Feckless or Successful?

A thirty-four year old Dundee man has fifteen children by fourteen different women with a possible two more on the way. Since he is on benefits he cannot maintain any of them so that his 'harem' is supported by the tax payers. He has been described as 'feckless' by the newspapers but looked at in a different light, he might be a success. In the future he will be able to trace his biological line over a huge swathe of the population  in the same way that Genghis Khan's genes are said to be present in a large percentage of Asian people. Compare that  with most people of merit who restrict their progeny to the customary one or two and you can see that in next decades the numbers descended from his seed will swell to such a level that one ought to ask whether or not he did, after all, do well. How could I say that, you ask? Well! Man, like every other living thing, flora or fauna, follows the same simple path of:-  1. Being born. 2. Maturing. 3. Reproducing. 4. Dying.
I suggest this man is excelling at stage three!

He excuses his behaviour by saying that he is only complying with the Bible's instruction to 'Go forth and multiply' and, worryingly, it seems that there is no end to the numbers of women, presumably single, who want to be with child by this man. He is a one-man fertility service with presumably a high success rate. For a woman who wants to fulfill her biological need to have a family but has been unable to find a partner, he must seem a godsend. (On a darker note it is conceivable that a married woman, unable to conceive naturally with her sterile husband, might use his services and pass off the resulting child as their own.)

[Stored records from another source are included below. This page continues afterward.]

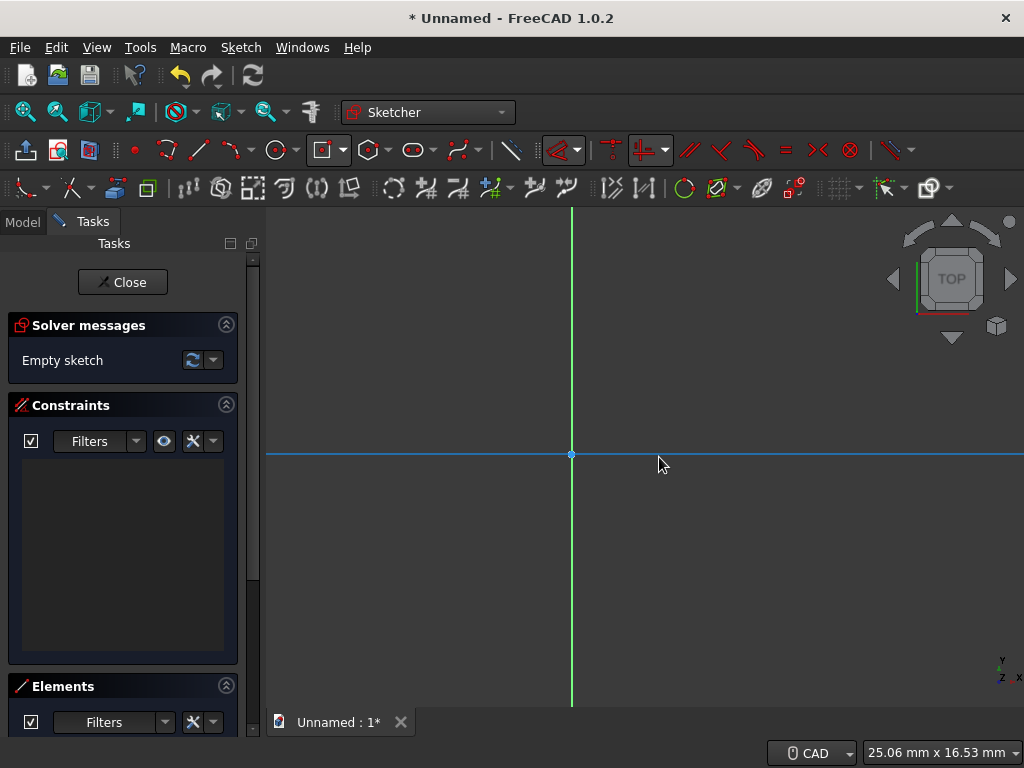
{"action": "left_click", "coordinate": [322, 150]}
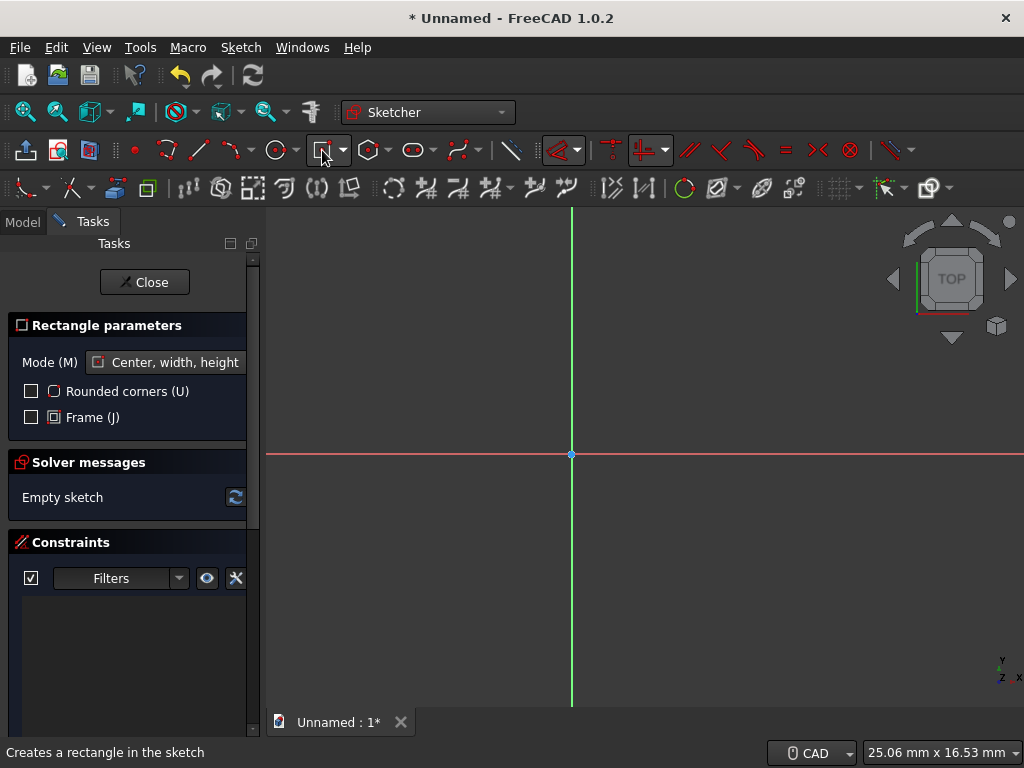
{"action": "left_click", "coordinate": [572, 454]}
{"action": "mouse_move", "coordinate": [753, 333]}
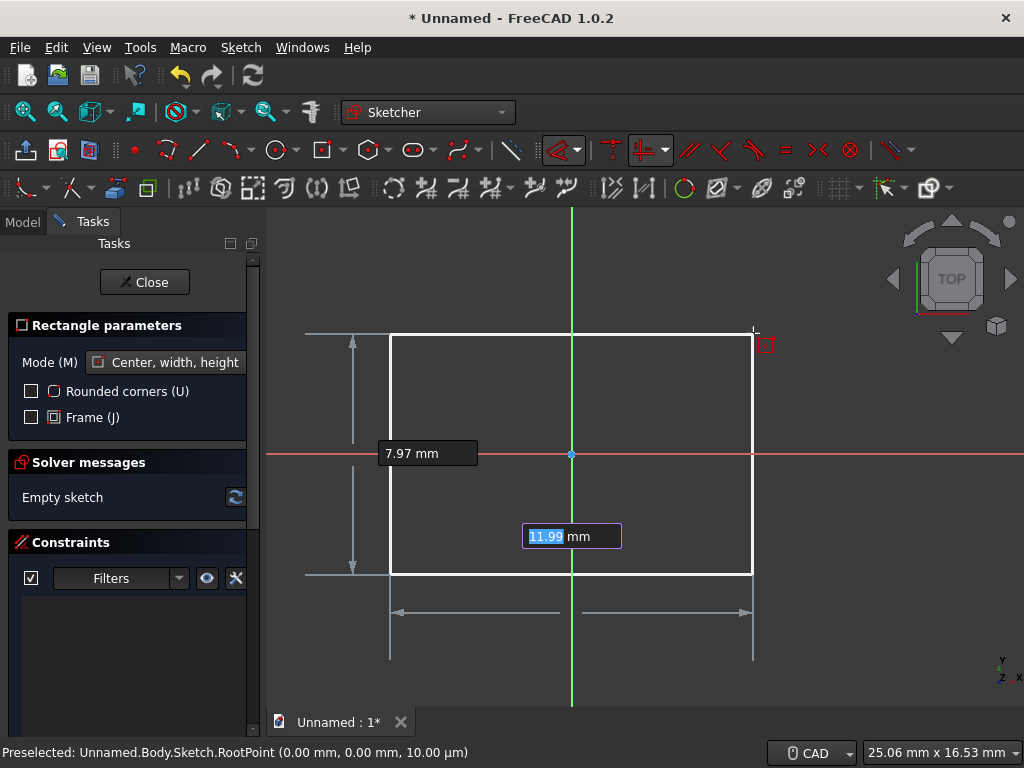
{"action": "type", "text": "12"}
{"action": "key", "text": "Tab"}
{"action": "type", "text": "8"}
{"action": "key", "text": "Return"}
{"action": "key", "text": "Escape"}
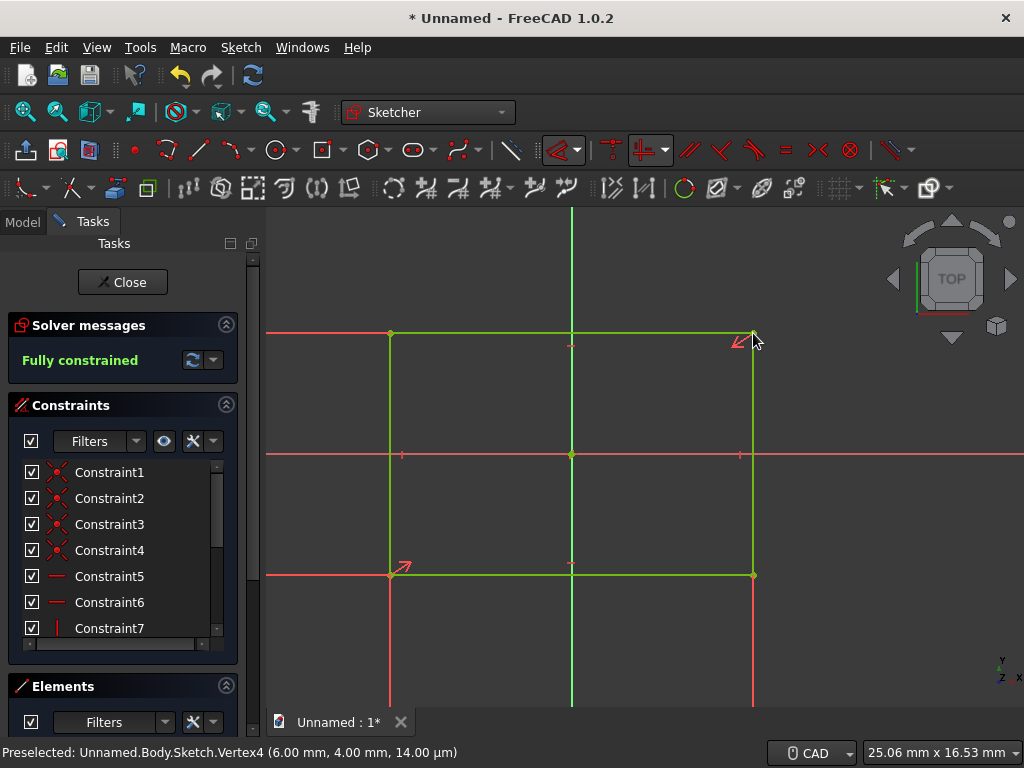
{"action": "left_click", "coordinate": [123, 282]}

This spontaneous, albeit, informal 'harem' in many ways replicates those where they are the custom amongst those who can afford them. The dominant male keeps many women for the purpose of either pleasure or siring a large number of children. These women, often daughters of friends and trading partners were provided to cement social or commercial relationships to the mutual advantage of all concerned. It didn't matter what the women looked like or how intelligent they were as long as they satisfied the ruler in any one of several aspects. I can imagine that for some of them, the loss of liberty to choose a mate was offset by being part of a large, companionable family and possibly being spared the fate of lonely spinsterhood.
The point I am trying to make is that harems, natural in some societies, may not be a bad thing as long as the dominant male can afford to keep all the women and their children in comfort and treats them all as equal. The man in Dundee has found a way for the general public to fund his own lifestyle. Who is the fool? The man or the taxpayer?